Cumpra as promessas.

Falou, está falado. Não quer dizer que você não possa voltar atrás percebendo o erro, mas quando você junta o quesito 1, 2 e 5, as promessas feitas estarão sempre aliadas aos valores. Cuidado para não se esquivar das promessas, às vezes é necessário você se posicionar, está lá, na descrição de cargo!


Mantenha sigilo sobre as confidências.

É muito mais fácil confiar em uma pessoa discreta, digna de fé do que em alguém que já lhe contou um monte de segredos dos outros. Deixar vazar informações é um veneno para a confiança.


Demonstre Competência.

Ganhe a admiração e o respeito das pessoas demonstrando habilidades técnicas e profissionais. Em especial as de negociação, relacionamento e aquelas diretamente ligadas à razão de ser de atuação de sua área.


Como e porquê perdemos ou destruímos a confiança dos outros?

Agora, aqui, vamos tratar sobre algumas questões inerentes sobre a importância de saber fatores que podem nos levar a perda da confiança, à sua destruição, seu declínio.

A Confiança é um sentimento que deve sempre morar dentro de você, mas é preciso pensar muito antes de depositá-la em alguém, pois nem todos valorizam esse ato.

Nada mais triste do que ser traído por quem se ama. Uma relação de amizade demora anos para ser construída, mas pode acabar em segundos quando a desconfiança aparece. Perder a confiança num amigo é como deixar uma parte da vida ir embora…

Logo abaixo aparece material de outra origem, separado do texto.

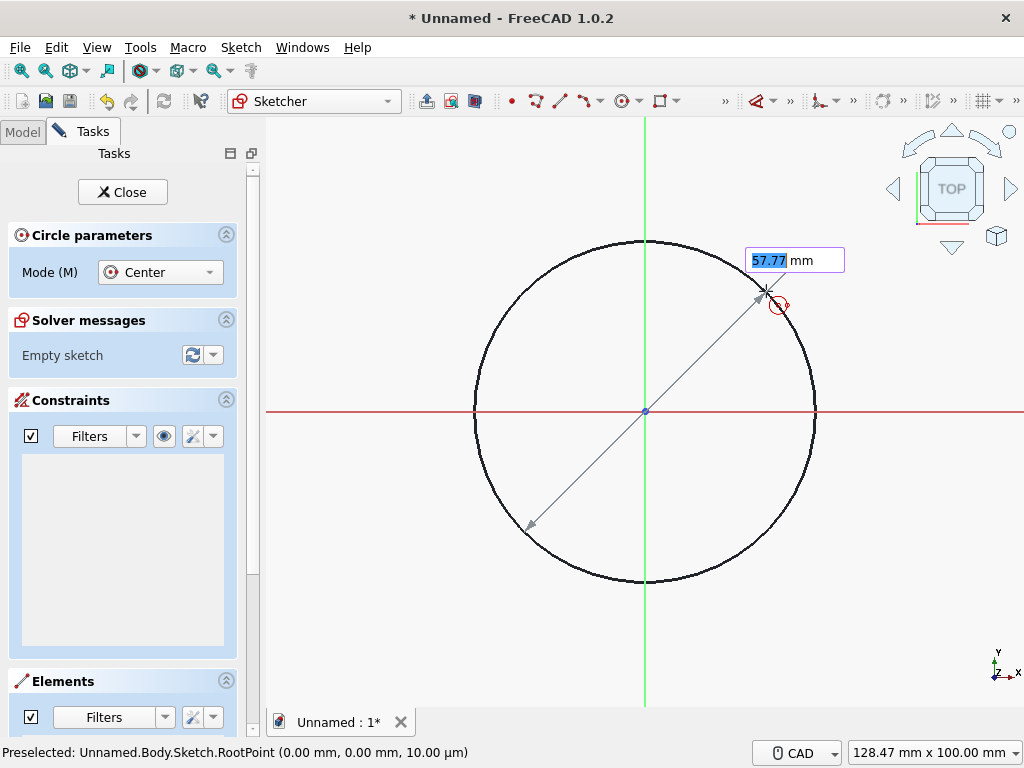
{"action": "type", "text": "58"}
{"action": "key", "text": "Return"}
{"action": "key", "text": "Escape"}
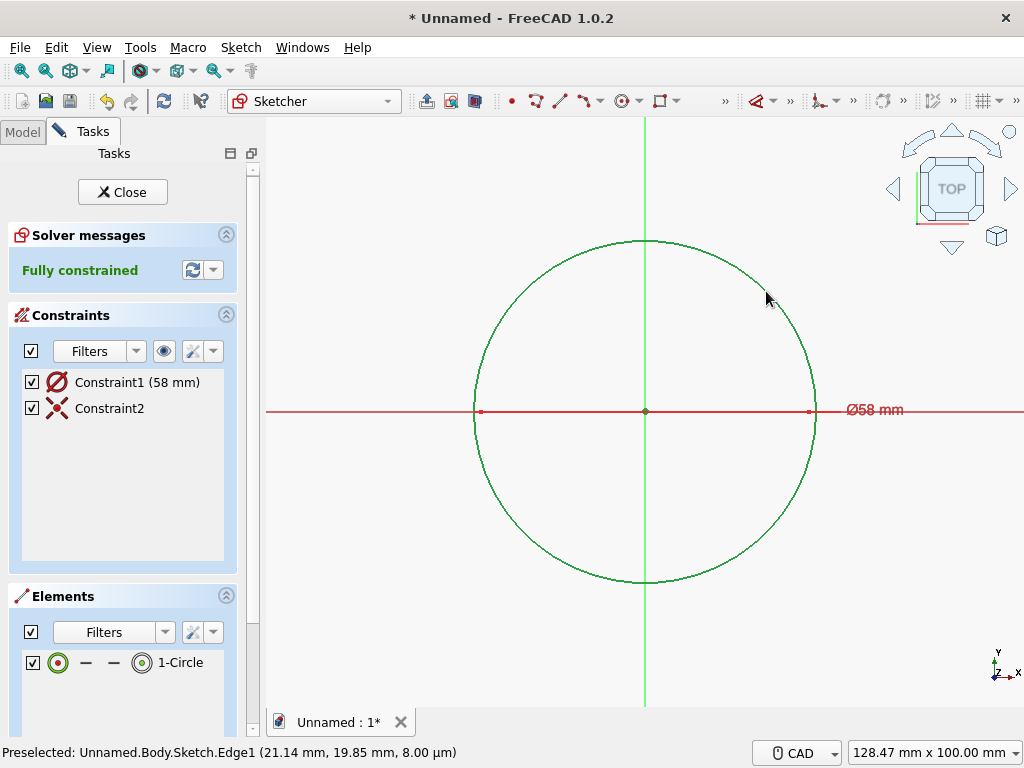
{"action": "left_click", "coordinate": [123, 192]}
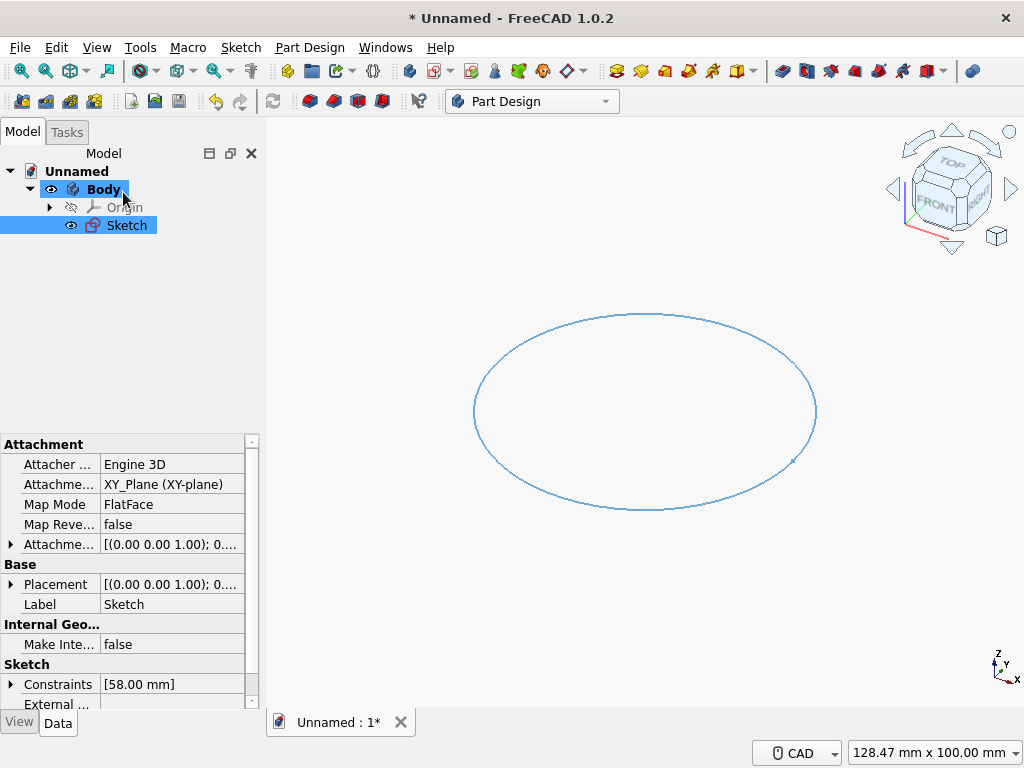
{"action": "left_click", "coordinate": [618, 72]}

Um amor construído com base na confiança e no respeito não tem prazo de validade.

A confiança é como uma bela louça, se quebrar, você pode até colar os cacos, mas nunca mais terá de volta o seu esplendor.

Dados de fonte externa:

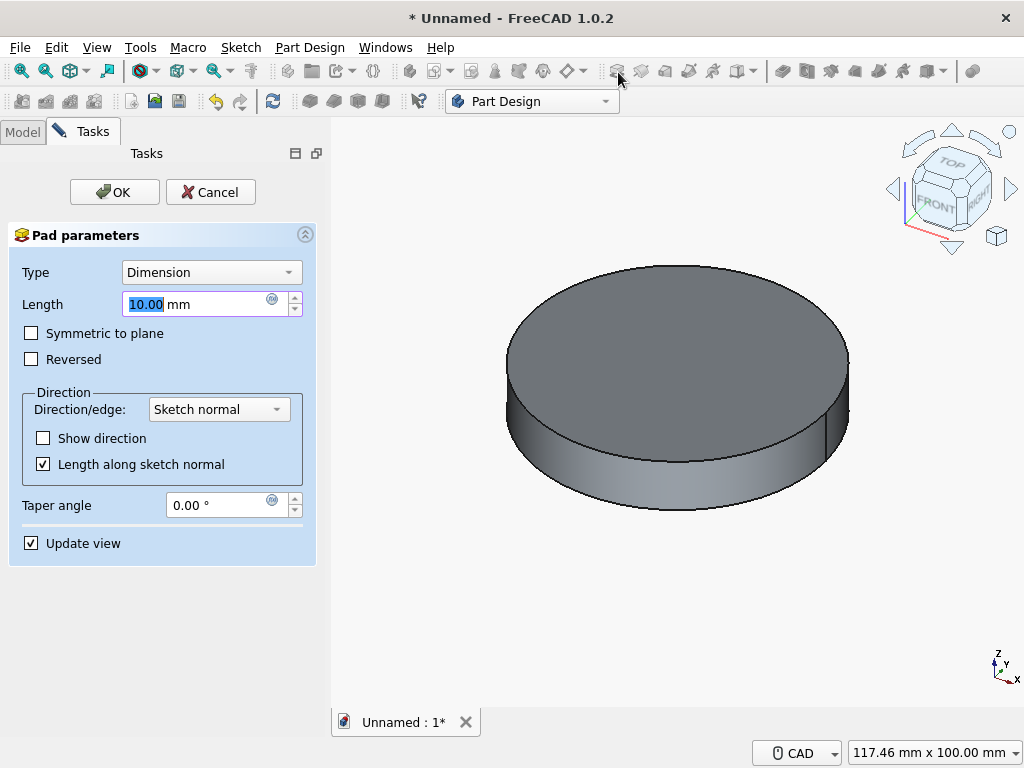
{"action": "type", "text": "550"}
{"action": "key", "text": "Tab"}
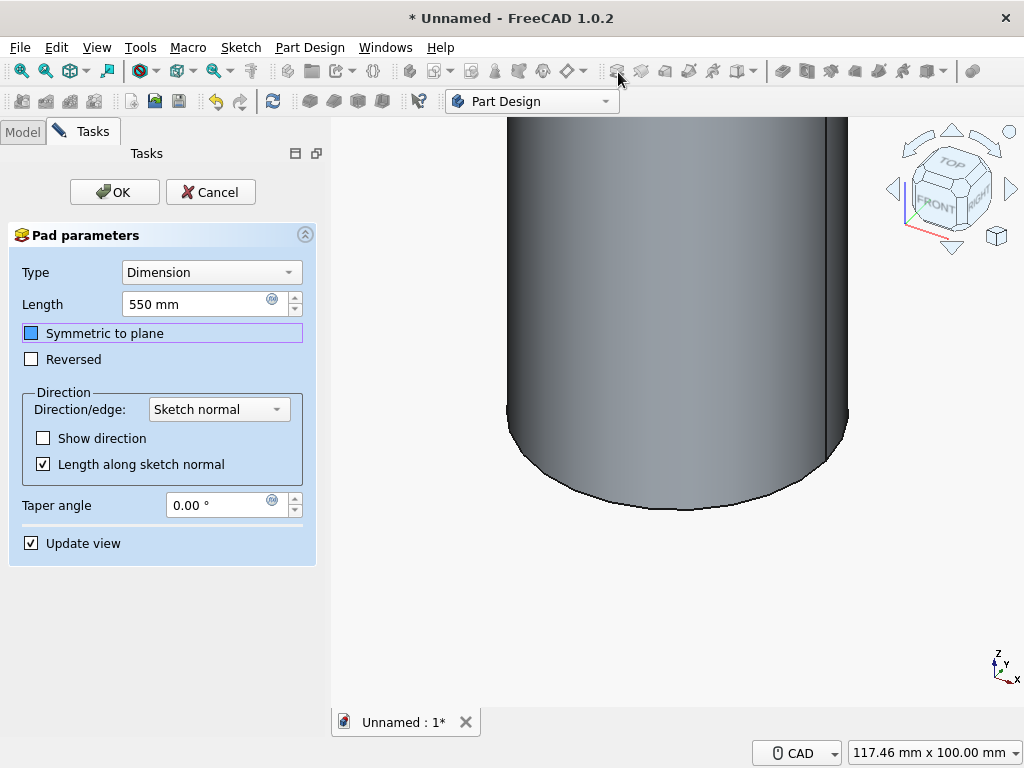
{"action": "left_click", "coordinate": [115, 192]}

Se traídos nos faz perder o chão… Mas nos faz aprender e crescer. Não permita que seu coração se amargure.

Existem inúmeros fatores contribuintes para a perda ou destruição da confiança nas outras pessoas. Sejam eles uma simples mentira ou uma grande, um erro banal (porém de forma intencional ou planejado) ou um erro proposital onde fora pensado antes de cometê-lo e mesmo assim a pessoa prefere ir adiante com aquele evento.

Nada é fácil. Mas tudo sempre tem um limite! Até as variadas formas de interpretação sobre erros e acertos, caso existam, tem definitivamente um fim em si ou na própria pessoa que lhe apetece.

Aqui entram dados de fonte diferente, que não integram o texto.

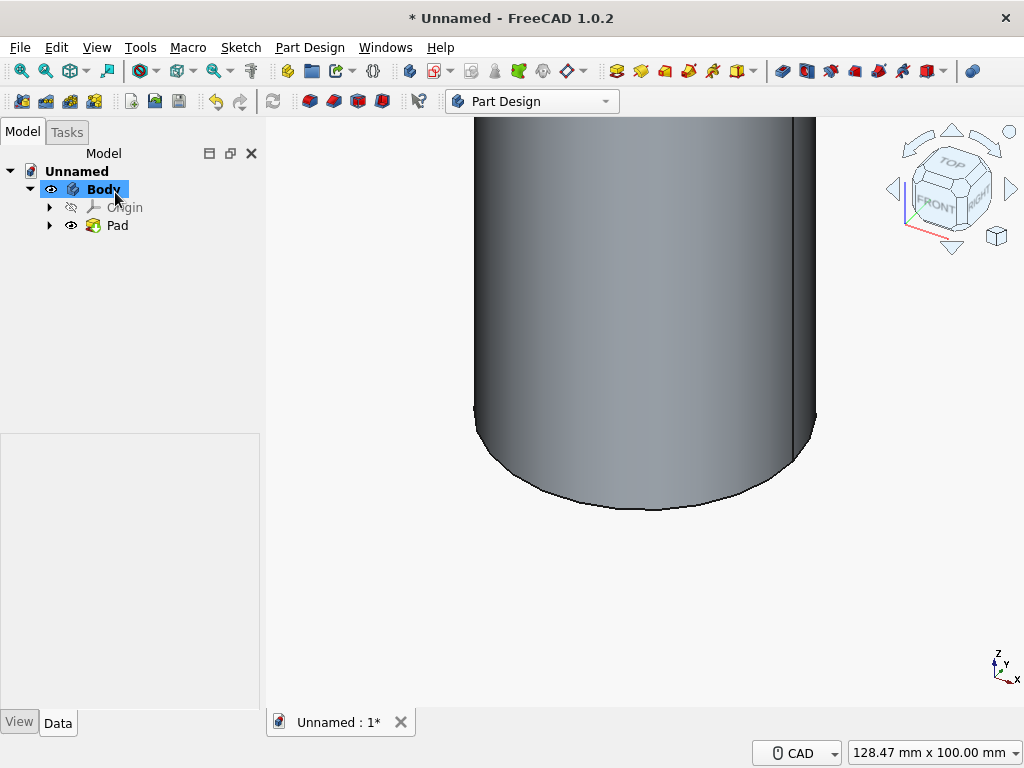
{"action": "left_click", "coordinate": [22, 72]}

Na verve das relações humanas percebemos o quão difícil se encontra o esforço para construir uma confiança, seja ela auto, interior (autoconfiança) ou exterior.

Uma vez que concebemos que a confiança foi construída por base no respeito, amizade e amor, tudo tende a ficar mais fácil e sem prazo determinado de duração. Quando quebrada, devido à falta ou alguma falha em suas bases, ela até pode voltar, porém jamais será como antes. É como se você tivesse um barril com 100 litros de algum líquido dentro e determina-se a jamais tirar esse líquido de dentro dele. Porém num vacilo você vai e retira, ele ainda continua lá, com o líquido dentro, porém já não tem mais os 100 litros, agora diminuíram. No insistir em retirar, e cada vez mais retirar (vacilos), uma hora irá se esgotar e não haverá mais nada além do vazio dentro do barril… Com a confiança é a mesma coisa!

Confiar é um exercício árduo, dolorido, extremamente fácil de quebrar como o mais fino e delicado vidro. Ao confiarmos em alguém devemos primeiro, antes de tudo, exercer o exercício de autoconfiança, confiar em nós mesmos, sabermos que também temos falhas, mas também temos virtudes inúmeras.

Com humildade, sinceridade e franqueza devemos aprender que falhamos e os outros também falham, porém é importante saber que certos e medidos erros e enganos são fundamentais para a destruição de algo que fora construído com muito sacrifício, amizade e amor, respeito e franqueza: A Confiança!

Confiar na vida, nas pessoas e em você é um aprendizado, muitas vezes dolorido. Não deixe de acreditar! Levante a cabeça e siga em frente.

No final teremos a sensação de que tudo foi apenas uma experiência, que nem sabemos ao certo o que é, mas afirmamos categoricamente que chama-se VIDA!